By: dmc-admin//September 29, 2003//
“[A]petition for judicial review of an administrative agency decision is the functional equivalent of an appeal. SOUL and WED failed to take the steps necessary to participate directly in the review, and now attempt to do so indirectly. Under Weina [v. Atlantic Mut. Ins. Co., 177 Wis. 2d 341 (Ct. App. 1993)], the trial court concluded such a result would be improper. We agree…

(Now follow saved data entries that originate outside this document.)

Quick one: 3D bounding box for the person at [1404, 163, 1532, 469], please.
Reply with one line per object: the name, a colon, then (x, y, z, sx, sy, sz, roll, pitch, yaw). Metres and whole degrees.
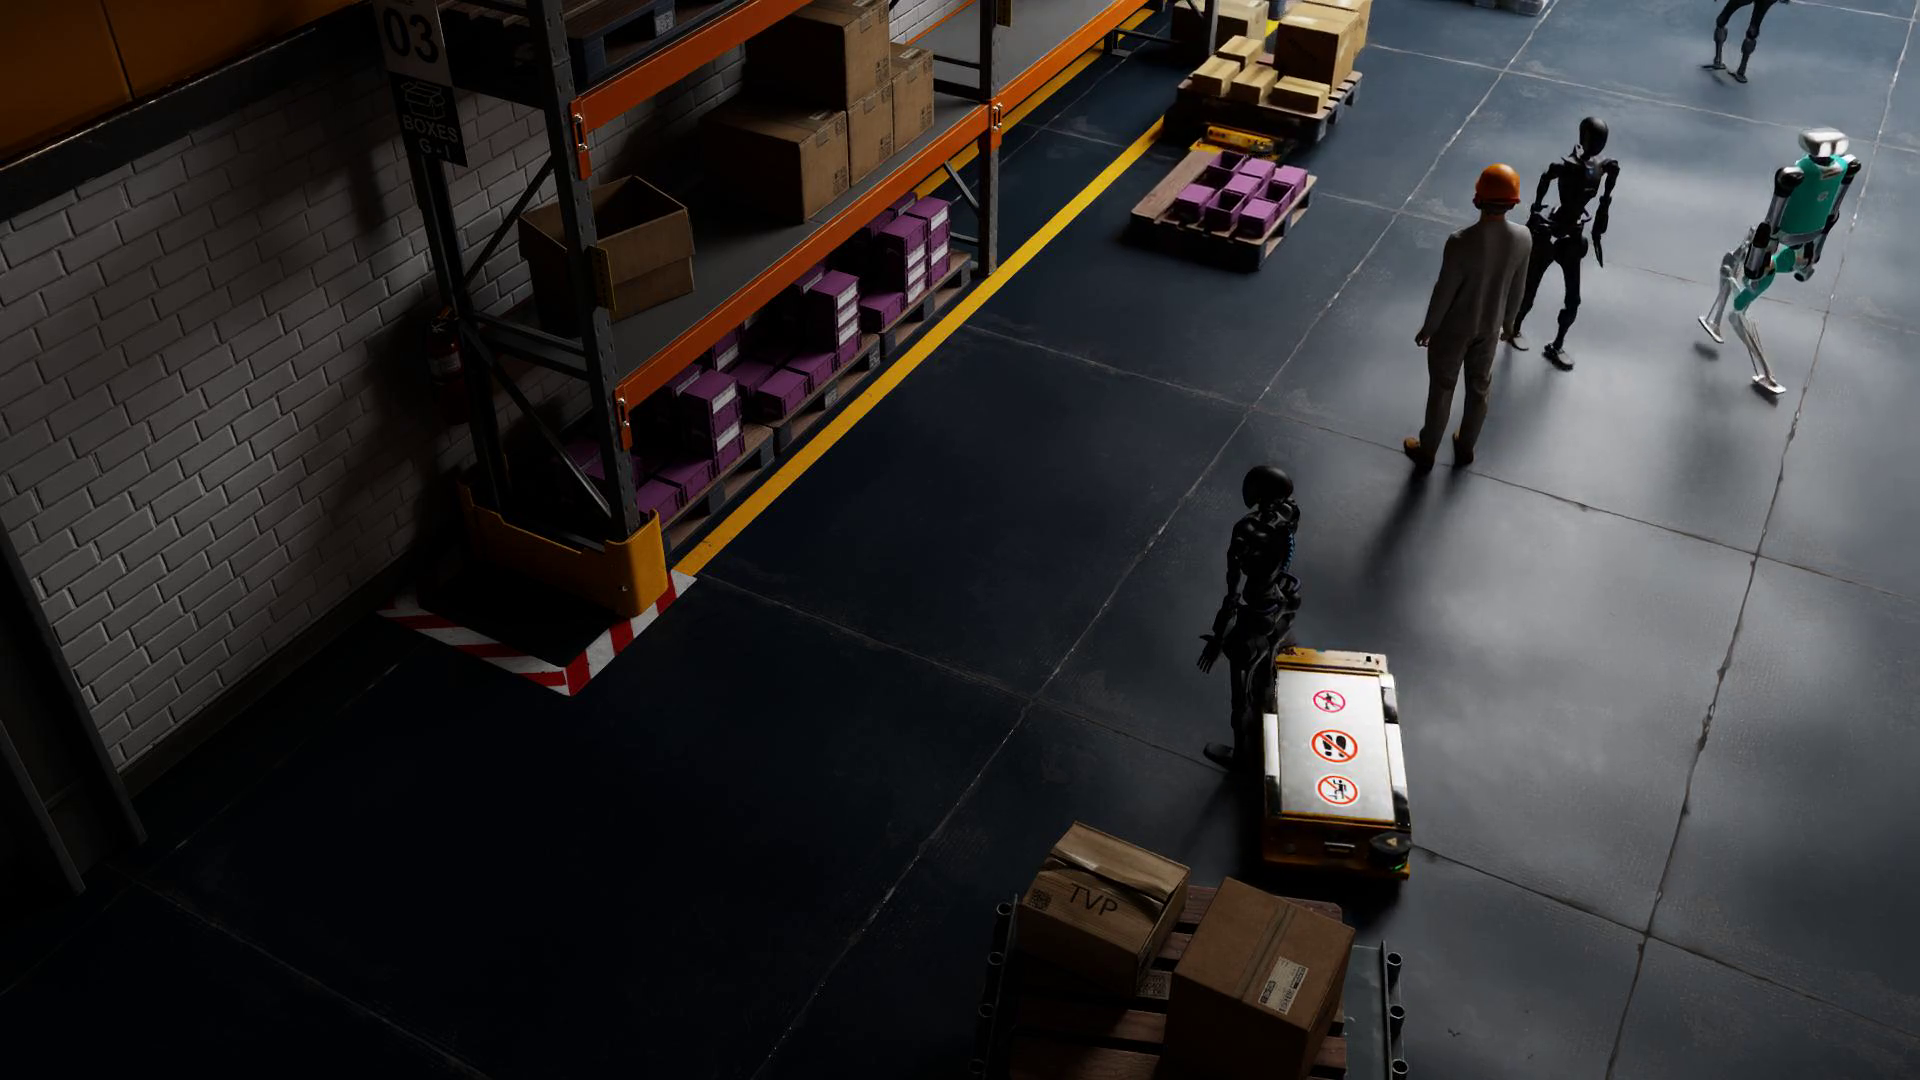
person: (2.905, -1.255, 9.488, 0.582, 1.894, 0.357, -7, 39, -9)

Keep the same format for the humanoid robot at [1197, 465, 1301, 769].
humanoid robot: (1.350, 0.350, 7.644, 0.315, 1.657, 0.599, 29, 47, 31)

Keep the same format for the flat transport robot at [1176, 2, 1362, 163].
flat transport robot: (2.435, -3.372, 13.434, 0.659, 0.231, 1.431, 20, 43, 23)

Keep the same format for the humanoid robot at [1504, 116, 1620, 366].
humanoid robot: (3.793, -1.889, 10.457, 0.599, 1.640, 0.527, -8, 39, -10)

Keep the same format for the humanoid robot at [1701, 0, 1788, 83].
humanoid robot: (6.693, -4.692, 13.958, 0.615, 1.642, 0.369, -2, 39, -3)

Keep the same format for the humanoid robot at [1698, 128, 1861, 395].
humanoid robot: (4.983, -1.827, 10.367, 0.558, 1.755, 1.043, -11, 40, -14)

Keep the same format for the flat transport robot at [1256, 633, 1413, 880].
flat transport robot: (1.765, 1.002, 7.967, 0.659, 0.231, 1.431, 4, 39, 5)

“There, the question was ‘whether a person who fails to file a timely notice of appeal may participate in the appeal through intervention or by the filing of a nonparty [amicus] brief.’ We answered that question in the negative, concluding that the ‘jurisdictional time limit for the commencement of an appeal would be circumvented’ if we granted the petition for intervention in the appeal or amicus status. We wrote that the petitioners could not ‘be allowed to do indirectly what they cannot do directly.’
“Even if we decided that the court could grant SOUL and WED intervenor status, the court correctly determined that their petition was time-barred.”
Order affirmed.
Recommended for publication in the official reports.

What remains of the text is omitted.